By Susan Hindman
When Robin Westmiller’s 80-year-old father suffered a stroke in 2002, causing his health to deteriorate, it attracted the attention of a distant cousin in another state. Over her mother’s protests, her father traveled to the cousin’s home in March 2004, and within three weeks, the cousin had taken control of his life, refusing to let him talk to his family and convincing him to file for divorce and revoke his wife’s power of attorney. When Westmiller was finally able to stop the takeover four months later—by going to court and getting him a temporary emergency guardian—she thought she had taken a step toward getting her father back to his own family. But she had actually created a new roadblock, this one cemented in place by the legal system.

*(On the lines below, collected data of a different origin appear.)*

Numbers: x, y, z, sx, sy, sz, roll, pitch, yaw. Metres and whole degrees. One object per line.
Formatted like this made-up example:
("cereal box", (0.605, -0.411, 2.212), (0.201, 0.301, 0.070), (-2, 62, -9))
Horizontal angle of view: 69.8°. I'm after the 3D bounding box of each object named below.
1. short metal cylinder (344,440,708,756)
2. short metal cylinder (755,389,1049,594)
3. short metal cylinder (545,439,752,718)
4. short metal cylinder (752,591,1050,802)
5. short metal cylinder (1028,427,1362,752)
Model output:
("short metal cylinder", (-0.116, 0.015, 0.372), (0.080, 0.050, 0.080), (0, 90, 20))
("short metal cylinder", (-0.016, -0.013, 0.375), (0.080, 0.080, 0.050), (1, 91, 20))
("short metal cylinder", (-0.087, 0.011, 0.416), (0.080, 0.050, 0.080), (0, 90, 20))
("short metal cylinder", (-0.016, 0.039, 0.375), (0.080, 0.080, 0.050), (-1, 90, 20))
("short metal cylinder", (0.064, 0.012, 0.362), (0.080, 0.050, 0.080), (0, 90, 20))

The guardian, she said, “changed (her dad’s) name, moved him without telling us, denied him access to a telephone, and no one in the facility or the hospital was told that he had a wife, a daughter, or grandchildren. Once they got hold of him, they drained nearly his entire life savings.” When he passed away on June 23, 2007, “there was no life insurance, no stock portfolios, or any other assets,” leaving her 83-year-old mother nearly destitute.

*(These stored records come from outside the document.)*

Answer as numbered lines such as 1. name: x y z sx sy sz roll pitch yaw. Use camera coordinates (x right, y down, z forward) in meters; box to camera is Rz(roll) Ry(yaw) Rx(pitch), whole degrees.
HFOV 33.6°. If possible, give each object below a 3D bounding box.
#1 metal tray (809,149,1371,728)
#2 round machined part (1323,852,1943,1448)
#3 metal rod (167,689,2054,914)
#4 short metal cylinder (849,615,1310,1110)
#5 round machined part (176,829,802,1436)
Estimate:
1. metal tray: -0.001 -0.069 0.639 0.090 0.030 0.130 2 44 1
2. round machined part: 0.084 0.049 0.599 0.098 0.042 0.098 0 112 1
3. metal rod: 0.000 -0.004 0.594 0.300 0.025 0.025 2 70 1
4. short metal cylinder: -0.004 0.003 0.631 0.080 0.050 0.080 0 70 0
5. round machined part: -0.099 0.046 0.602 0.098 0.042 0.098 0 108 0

Westmiller, a recent law school graduate, wrote a book about her experience, and started a Web site—the National Association to Stop Guardian Abuse (NASGA) in 2004—then left it to form Advocates for National Guardianship Ethics and Reform (ANGER) in 2008. Both sites detail other horror stories through postings of victims and of published newspaper and magazine articles recounting the stories of others.
Guardians have been accused of draining their elderly wards’ life savings, charging exorbitant fees for small tasks, selling homes without permission, throwing away personal belongings and mementos, not paying bills, cashing and pocketing Social Security checks, and making unilateral decisions about where their wards can live and whom they can see. They have even placed them in nursing homes against their will, blocked contact with loved ones, and kept them overmedicated. As their life savings are redirected toward the guardians and lawyers and dwindle to nothing, seniors are forced to go on Medicaid, leading people close to the issue to call it a form of Medicaid fraud.
Annie McKenna, media liaison with NASGA and embroiled in her own guardianship battle, says that "abusive guardians have a standard operating procedure: Isolate. Medicate. Take the estate.”
How pervasive is this problem? “We’re saying it’s an epidemic,” says Terri Abelar, founder of Aging Solutions, a California eldercare management consulting firm.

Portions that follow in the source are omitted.